And yet in Madrid, his man-management skills seem to have deserted him. What started as a dressing room split pitting some Spanish players against their Portuguese colleagues and Mourinho, seems to have culminated in most of the players simply uniting against the boss.
Among Real Madrid fans his stock has also plummeted. At the notoriously fickle Bernabéu he has frequently been met by boos. Just as importantly, the media, which he has seemed increasingly obsessed by, has also turned hostile, even Real Madrid’s daily fanzines Marca and As.
While Mourinho has always been known to ruffle feathers, he has never before generated such enmity. In Portugal, his global fame means he can do no wrong. In England, even his arrogance was a breath of fresh air for a media and public who took him with a pinch of salt and enjoyed the soundbites. In Italy, he only lasted two seasons, but in securing the triple with Inter he was seen more as a pantomime villain than a real baddie.

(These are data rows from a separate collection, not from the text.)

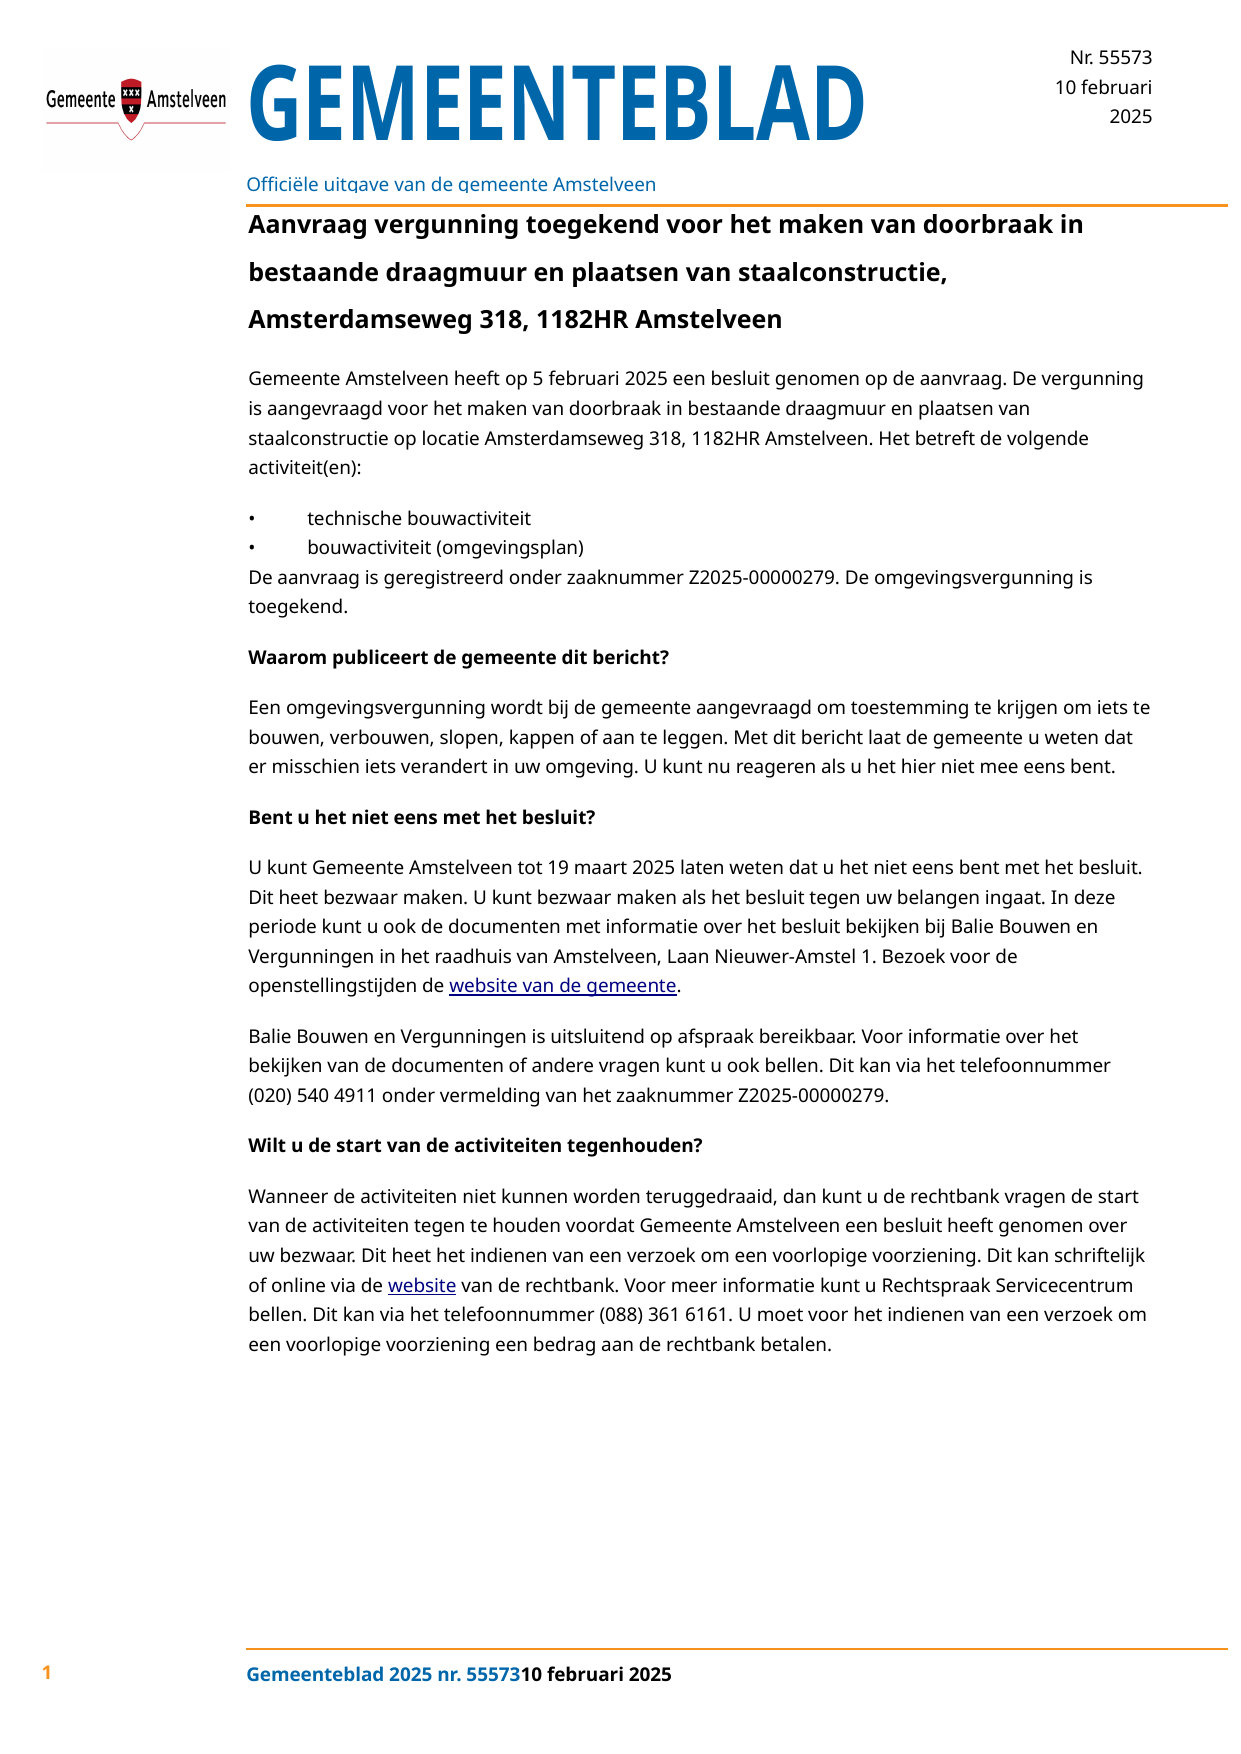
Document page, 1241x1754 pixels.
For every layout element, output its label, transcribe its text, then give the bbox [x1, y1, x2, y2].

text Aanvraag vergunning toegekend voor het maken van doorbraak in bestaande draagmuur en plaatsen van staalconstructie, Amsterdamseweg 318, 1182HR Amstelveen [248, 207, 1152, 336]
text U kunt Gemeente Amstelveen tot 19 maart 2025 laten weten dat u het niet eens bent met het besluit. Dit heet bezwaar maken. U kunt bezwaar maken als het besluit tegen uw belangen ingaat. In deze periode kunt u ook de documenten met informatie over het besluit bekijken bij Balie Bouwen en Vergunningen in het raadhuis van Amstelveen, Laan Nieuwer-Amstel 1. Bezoek voor de openstellingstijden de website van de gemeente. [248, 854, 1152, 998]
text Wanneer de activiteiten niet kunnen worden teruggedraaid, dan kunt u de rechtbank vragen de start van de activiteiten tegen te houden voordat Gemeente Amstelveen een besluit heeft genomen over uw bezwaar. Dit heet het indienen van een verzoek om een voorlopige voorziening. Dit kan schriftelijk of online via de website van de rechtbank. Voor meer informatie kunt u Rechtspraak Servicecentrum bellen. Dit kan via het telefoonnummer (088) 361 6161. U moet voor het indienen van een verzoek om een voorlopige voorziening een bedrag aan de rechtbank betalen. [248, 1183, 1152, 1357]
text Balie Bouwen en Vergunningen is uitsluitend op afspraak bereikbaar. Voor informatie over het bekijken van de documenten of andere vragen kunt u ook bellen. Dit kan via het telefoonnummer (020) 540 4911 onder vermelding van het zaaknummer Z2025-00000279. [248, 1023, 1152, 1108]
text Gemeente Amstelveen heeft op 5 februari 2025 een besluit genomen op de aanvraag. De vergunning is aangevraagd voor het maken van doorbraak in bestaande draagmuur en plaatsen van staalconstructie op locatie Amsterdamseweg 318, 1182HR Amstelveen. Het betreft de volgende activiteit(en): [248, 366, 1152, 480]
text Bent u het niet eens met het besluit? [248, 804, 1152, 829]
text Wilt u de start van de activiteiten tegenhouden? [248, 1133, 1152, 1158]
text De aanvraag is geregistreerd onder zaaknummer Z2025-00000279. De omgevingsvergunning is toegekend. [248, 564, 1152, 619]
list bouwactiviteit (omgevingsplan) [248, 534, 1152, 560]
list technische bouwactiviteit [248, 505, 1152, 530]
text Waarom publiceert de gemeente dit bericht? [248, 644, 1152, 669]
picture [41, 47, 231, 172]
text Een omgevingsvergunning wordt bij de gemeente aangevraagd om toestemming te krijgen om iets te bouwen, verbouwen, slopen, kappen of aan te leggen. Met dit bericht laat de gemeente u weten dat er misschien iets verandert in uw omgeving. U kunt nu reageren als u het hier niet mee eens bent. [248, 694, 1152, 779]
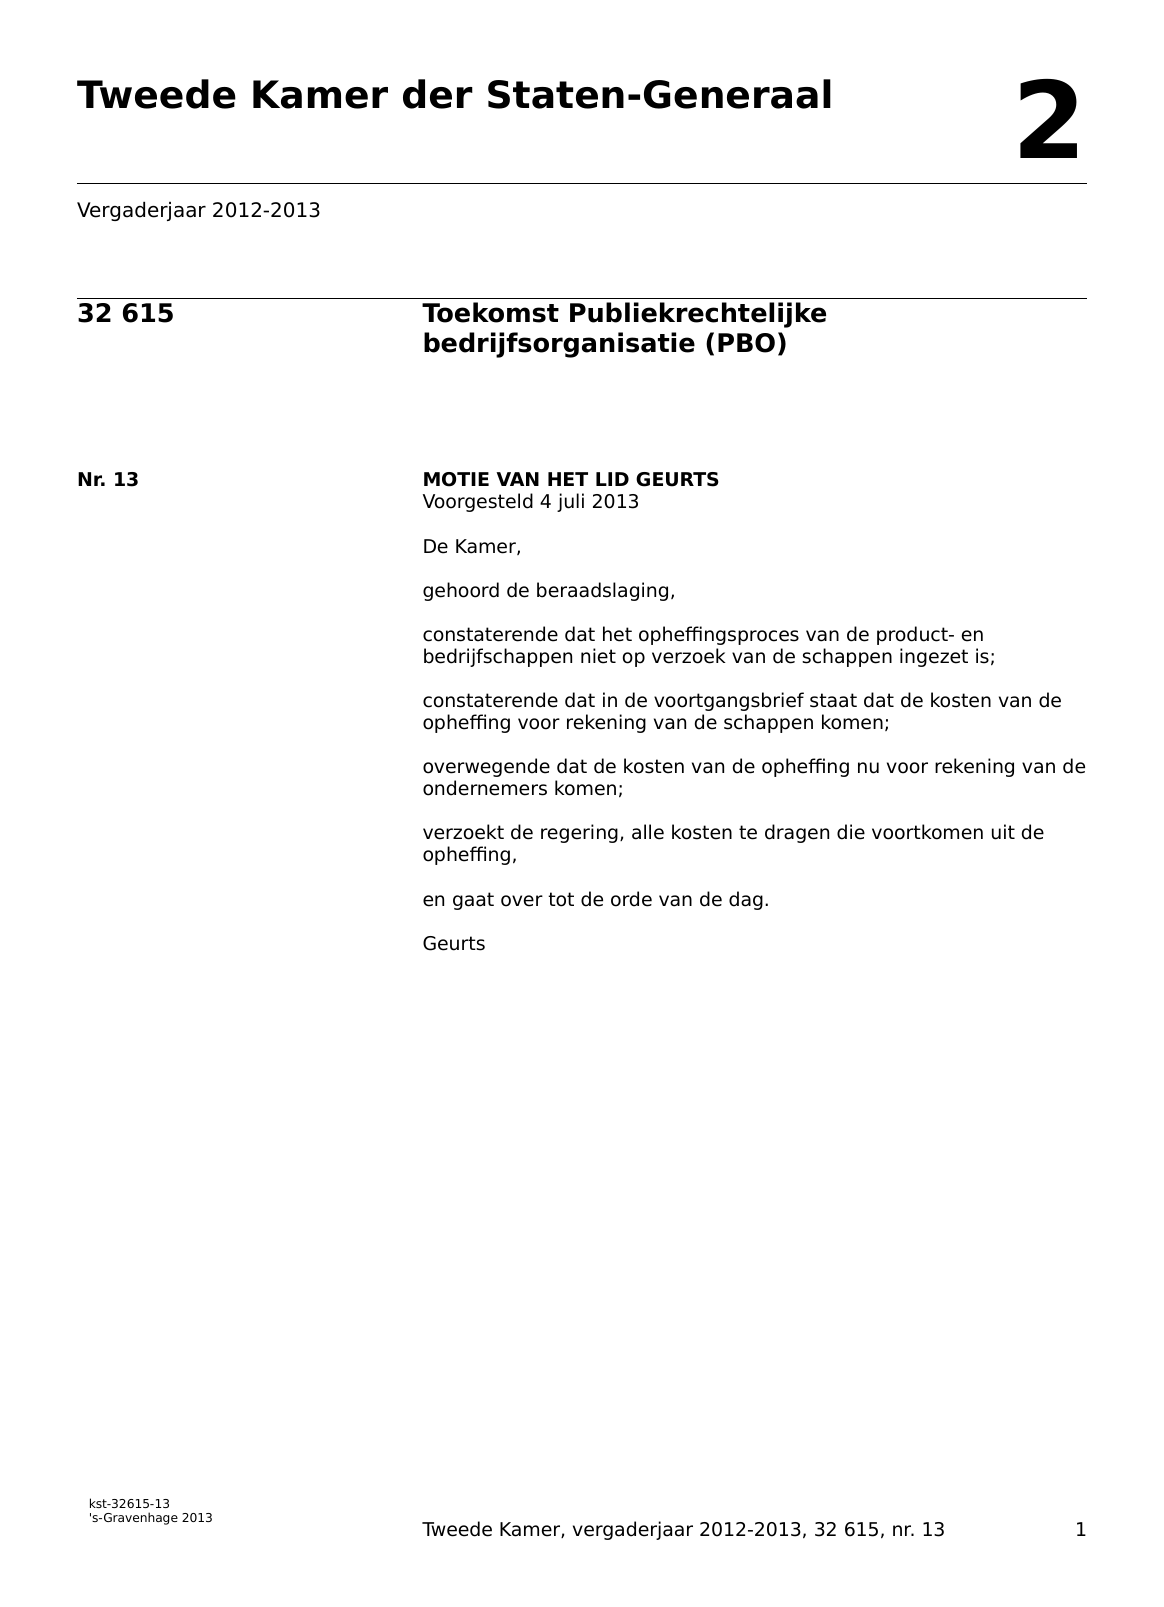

But, as the saying goes: Spain is different. Mourinho’s limelight-hogging brashness went down badly from the start. His brand of self-publicity simply doesn’t win admirers here, where an outlandish boast is taken at face value, rather than with a smile or a shake of the head.
Also, he could no longer play the enigmatic upstart card; the man from Setúbal was now the world’s best-paid coach at the world’s biggest club – the figurehead of a venerable institution.
The often dour playing style didn’t help, or Mourinho’s baggage as a defensive-minded pragmatist, compared to the attack-oriented philosophy of Pep Guardiola at Barcelona. In neutrals’ minds, Guardiola was always the goodie in that particular rivalry.
Disdain for the Bernabéu
But if Spain has never loved Mourinho, it was quite clear from the start that he wasn’t falling for Spain. He hasn’t hidden his disdain for Real Madrid’s fans, who, instead of getting behind their players come what may, start waving their hankies if their team isn’t dominating a game.
“I want to thank the few (fans) who were behind the goal, because if it wasn’t for them, you’d think the place was empty,” he sighed back in 2011, after thrashing Osasuna 7-1 in the Bernabéu.
And in the press room, his comments have frequently crossed the line between provocative and outrageous, sneering at fellow coaches such as his shoddily treated predecessor, Manuel Pellegrini, or accusing Guardiola’s Barcelona of cheating their way to the 2009 Champions League title. Even after the scrappy defeat to Atlético in the cup final (during which he was dismissed from the dugout) he defiantly insisted that the winners “didn’t deserve” to win.
Mourinho managed to evoke the sepia-tinged old days in Spain – not so much the days of Puskas and Di Stéfano, but rather those of the right-wing dictatorship – when he cornered a journalist he didn’t like in a room with his coaching staff and interrogated him about his radio reports. These sorts of anecdotes have fuelled the notion that far from having the mind of a logic-obsessed scientist, as we had been led to believe, Mourinho is actually madder than a bag of snakes.
This wasn’t the popular image of the supremely rational, carefully coiffured trophy-magnet who arrived in Spain three years ago. But since then, almost all facets of his invincible aura have been challenged: the tactical nous, the man-management skills, the icy calm under pressure and an ability to ensure results – all seem to have melted slightly in the Madrid sun.
But I, for one, will miss Mourinho. Granted, in recent weeks he has become a sort of cartoon of himself, more resembling a Portuguese psychopath with Tourette’s than a top soccer coach. Yes, his public persona may be graceless and utterly self-serving, but of all the graceless, self-serving people in Spanish public life (and there are quite a few) he’s by far the most complex and intriguing.
Farewell, José, it’s been a pleasure knowing you – sort of.